## What this task involves:
Beginning with the line that contains "1) box <box>919,472,1534,878</box>", restate each line below through the final one exactly, and exclude the pictures.

━━━ Records provided ━━━

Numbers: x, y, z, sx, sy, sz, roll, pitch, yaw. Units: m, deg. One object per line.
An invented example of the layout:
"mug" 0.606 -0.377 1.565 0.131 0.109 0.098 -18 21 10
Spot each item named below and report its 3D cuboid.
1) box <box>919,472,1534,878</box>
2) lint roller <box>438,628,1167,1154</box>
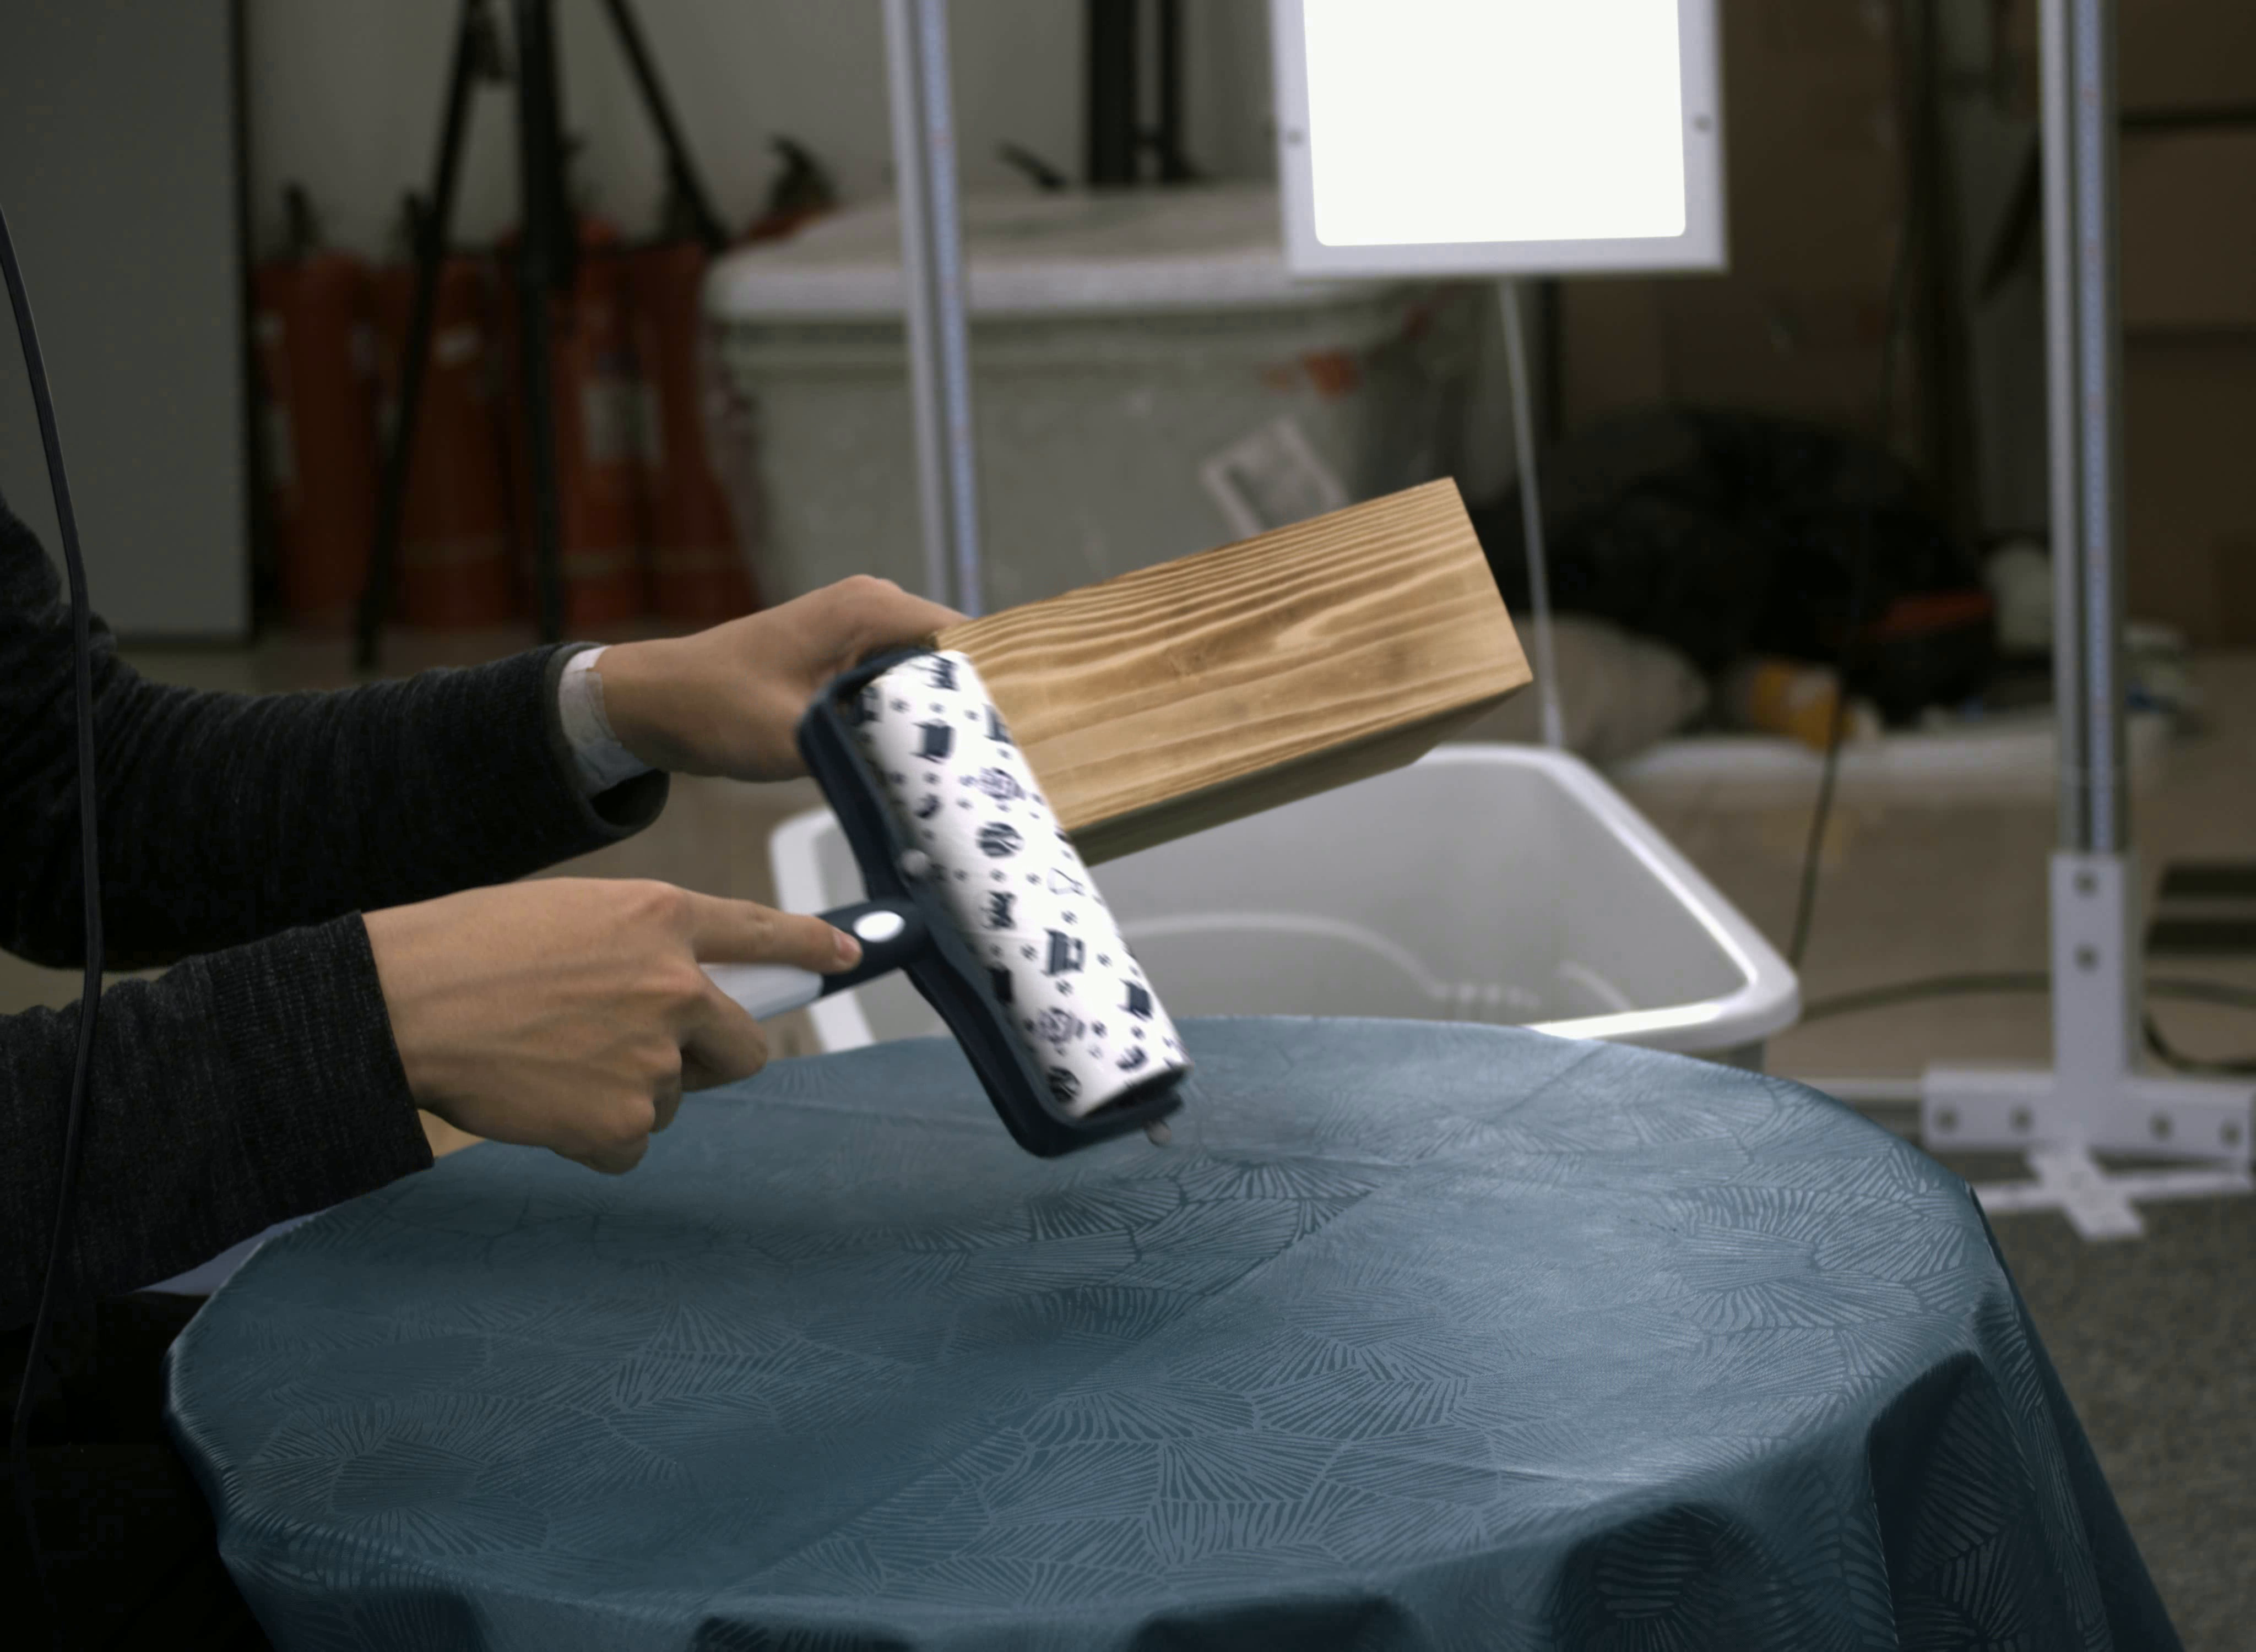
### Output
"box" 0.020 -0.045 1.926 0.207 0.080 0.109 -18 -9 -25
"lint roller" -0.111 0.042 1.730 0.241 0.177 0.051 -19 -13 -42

━━━

## Written response:
1) box <box>919,472,1534,878</box>
2) lint roller <box>438,628,1167,1154</box>
### Output
"box" 0.020 -0.045 1.926 0.207 0.080 0.109 -18 -9 -25
"lint roller" -0.111 0.042 1.730 0.241 0.177 0.051 -19 -13 -42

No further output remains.